Due to personal reasons she took a hiatus on her music career.

Between 2014 and 2015, Cristie joined the Orquesta Olympus and, in 2016, Nueva Alaska in Zaragoza. One year later, in 2017, she joined Kubo Project.

===2020: La Voz Spain ===
She decided to take part on the 2020 edition of The Voice in Spain, where she was praised by Pablo López (formerly Cristie's pianist and back vocals), Antonio Orozco, Alejandro Sanz and Laura Pausini. She was on the show during eleven weeks as part of Pausini's team.
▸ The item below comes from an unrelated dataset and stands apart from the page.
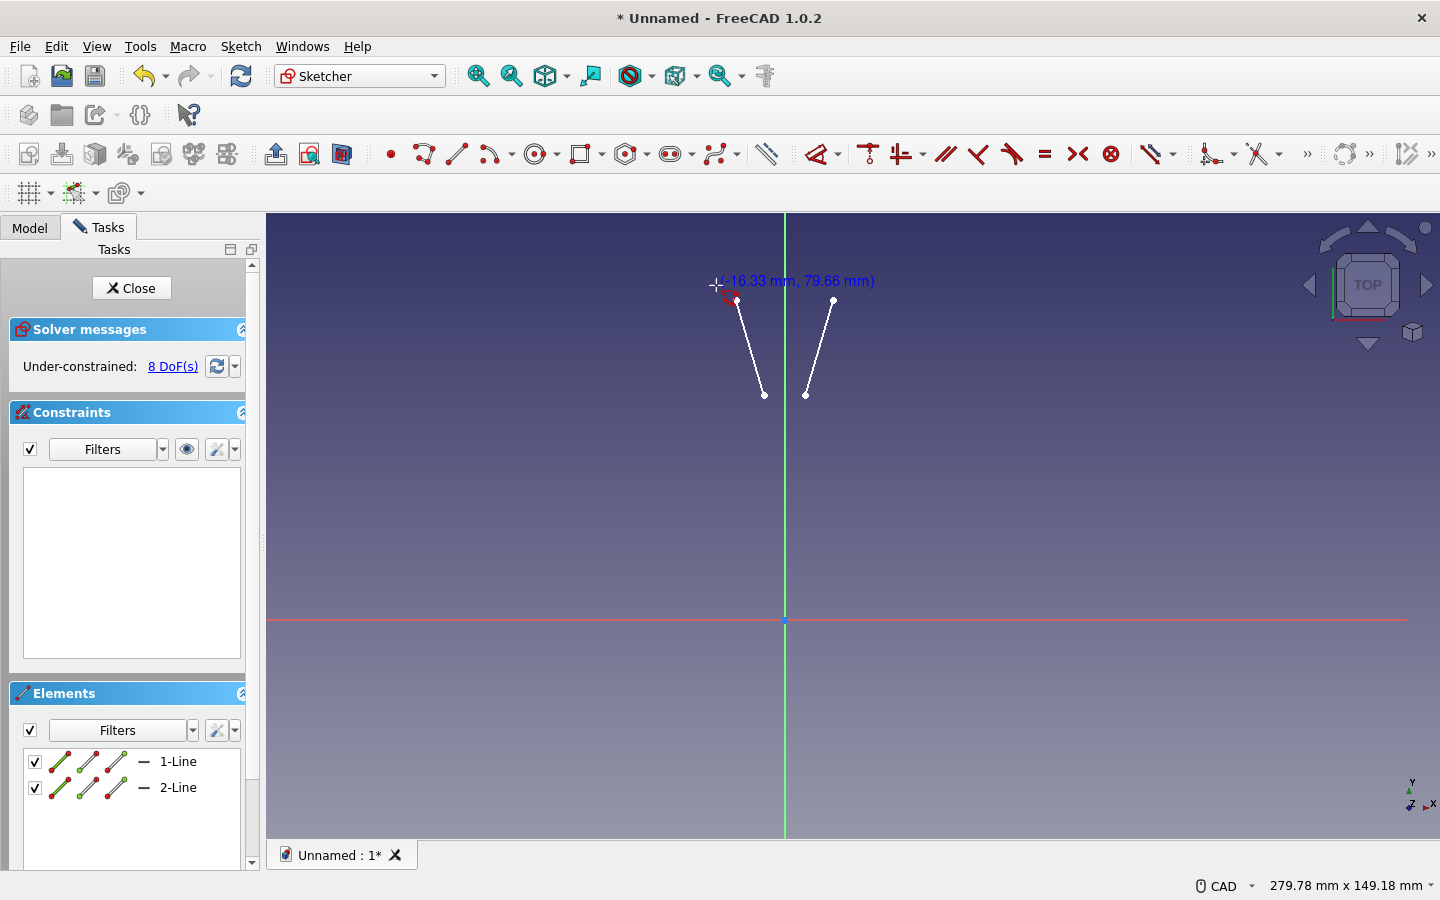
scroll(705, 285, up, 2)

===2023: Tierra de Talento ===
Her live audition on this format of Canal Sur television (Spain) was a real success as the four coaches pressing their star buttons and praising her performance of Aretha Franklin's Natural Woman.

== Discography ==
=== Albums ===

| Year | Title | Details | Label |
|---|---|---|---|
| 2004 | Puro teatro | Release date: 6 February; Format: CD, Digital, streaming; | O'clock Music (#35 Afyve). |
| 2006 | Con la suerte en los tacones | Release date: Summer; Format: CD, Digital, streaming; | Independent |

=== Singles ===
Spanish charts: Lista Afyve, Los 40 Principales.

| Year | Song | Album |
| 2002 | No quiero sufrir | Single |
| 2004 | Pal infierno | Puro teatro |
| 2004 | Ámame |
| 2005 | Ámame (remix) |
| 2006 | Marbella | Con la suerte en los tacones |
| 2006 | Apunta mi teléfono |
| 2022 | Como una flor | Single |

=== Collaborations ===

| Year | Song | Role | Album |
|---|---|---|---|
| 2003 | No te dejaré jamás (Tony Santos ft. Cristie) | Dancer | Alma negra |

== Filmography ==
=== Videoclips ===
- 2002: No quiero sufrir
- 2003: Sigo mi camino (with Tony Santos)
- 2005: Ámame (remix) (with Cristie & Band)
- 2005: Camino de Belén (with Lidia Reyes)
- 2006: Marbella
- 2006: Apunta mi teléfono
- 2022: Como una flor

=== Television ===
- 2002–2003: "Operación Triunfo 2" (TVE)
- 2005: TNT (guest,
Telecinco)
- 2003-2004 "Crónicas Marcianas"
- 2020: La Voz (Antena 3)
- 2023: Tierra de talento (Canal Sur)

=== Films ===
- 2003: Gira Generación OT (DVD)
- 2004: Cristie en Concierto (DVD)

== Curious Facts ==
- Cristie's cousins, Anabel Conde (2º finalist on the Eurovision Song Contest 1995) and Cristina Conde (member of Grupo la fiesta) are also artists.
- Her song Se que estás is dedicated to her late mother.
- Her life is divided between Casares and Fuengirola.
- She is interested in healthy life-style.